Stark's woman began to type something. Then she stopped, perhaps changing her mind about what she was about to say, before starting to type again.
Peppermint: Are you really okay? You're being weird
Oops. He supposed he'd better send something more in character, to assuage her suspicion.
Ironic Man: Send nude pix
A moment after he'd hit the "send" button the other party was typing.
Peppermint: Real cute, Tony. Just go to bed
Loki couldn't resist having a little more fun with her.
Ironic Man: Good night, my peerless paramour. As you are fair and beauteous, be generous and merciful to him that is your slave.
Her response was nearly instantaneous.
Peppermint: GO TO BED
Loki supposed he really ought to do as she said, so he turned the phone off and stashed it in his bedside table.
Samson had suggested he make the room as dark as possible, so Loki asked JARVIS to lower the blinds over the large windows and dim the lights until it was almost dark, but not pitch-dark—as bad as the intense lighting in his prison cell had been, full darkness made him anxious as well. He knew it was ridiculous, and he would never admit to anyone else that ever since his return from the void, he had needed to sleep with the lights on like a small child. Hopefully, Stark's artificially intelligent servant would not tell on him.

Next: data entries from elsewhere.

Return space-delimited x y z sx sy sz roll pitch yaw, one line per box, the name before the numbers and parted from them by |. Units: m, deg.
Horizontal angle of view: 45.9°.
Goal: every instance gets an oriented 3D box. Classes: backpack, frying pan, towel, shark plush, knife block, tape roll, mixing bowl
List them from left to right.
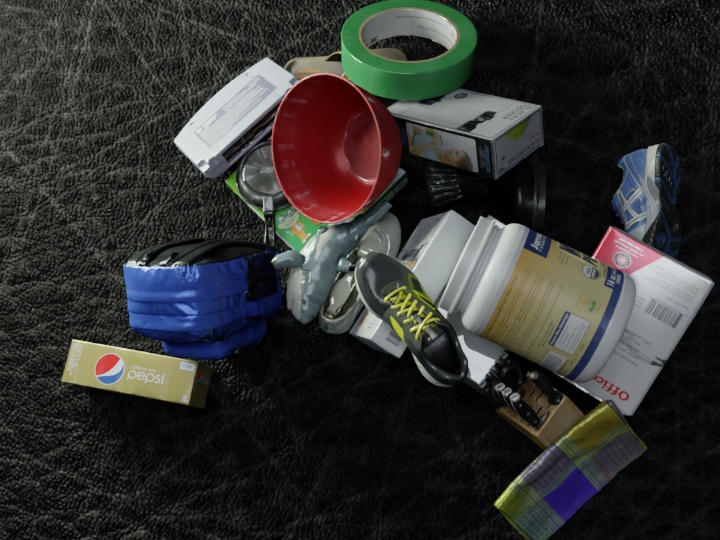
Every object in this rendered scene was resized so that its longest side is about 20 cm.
backpack | -0.213 0.039 1.160 0.162 0.200 0.168 -4 93 26
frying pan | -0.146 -0.111 1.253 0.115 0.031 0.190 19 77 16
shark plush | -0.028 -0.015 1.189 0.200 0.091 0.083 -38 51 -11
mixing bowl | -0.016 -0.170 1.180 0.200 0.108 0.201 9 104 40
tape roll | 0.071 -0.329 1.255 0.200 0.048 0.201 0 46 0
knife block | 0.235 0.185 1.060 0.200 0.176 0.064 39 86 5
towel | 0.267 0.258 1.075 0.200 0.144 0.023 -40 41 -1

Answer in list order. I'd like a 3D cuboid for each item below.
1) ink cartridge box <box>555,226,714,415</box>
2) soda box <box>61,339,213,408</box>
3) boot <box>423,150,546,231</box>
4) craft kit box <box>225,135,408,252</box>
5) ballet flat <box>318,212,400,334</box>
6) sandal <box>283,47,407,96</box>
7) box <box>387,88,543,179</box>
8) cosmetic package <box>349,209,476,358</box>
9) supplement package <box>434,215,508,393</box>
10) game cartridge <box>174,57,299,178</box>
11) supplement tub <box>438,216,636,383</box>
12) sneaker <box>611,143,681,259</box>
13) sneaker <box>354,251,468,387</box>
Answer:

He attempted to count his breaths as he inhaled slowly through his nose and exhaled through his mouth, another of Samson's recommendations (all of which he had scoffed at, but in truth, he was exhausted and willing to try anything that might help to start sleeping at regular intervals).
Loki lost count of his breath after a minute or so. The bed was too soft—how could mortals stand to sleep on such things as "pillow-top mattresses?" It was less like sleeping atop a pillow and more like sinking into quicksand. The bed in his prison cell had been decidedly firmer—and before that, he couldn't recall having slept in a bed at all, so much as he'd curled up on whatever rock he could. Sanctuary was not known for its luxury accommodations.
Loki tossed and turned for what felt like hours, before he remembered Samson's last piece of advice. If none of his other advice worked, he was to try getting up for a while and going to another room.
(。し_し。)
Tony looked at the time on his computer screen. It was four in the morning, which meant he had been up all night trying to work out how to make a nanobot that could fly through the air like a tiny autonomous drone, because apparently, that wasn't a thing yet, and would definitely need to be a thing if he wanted to make a bunch of them form into something wearable over his body. Either that, or they would have to crawl over his body like tiny spiders—ugh.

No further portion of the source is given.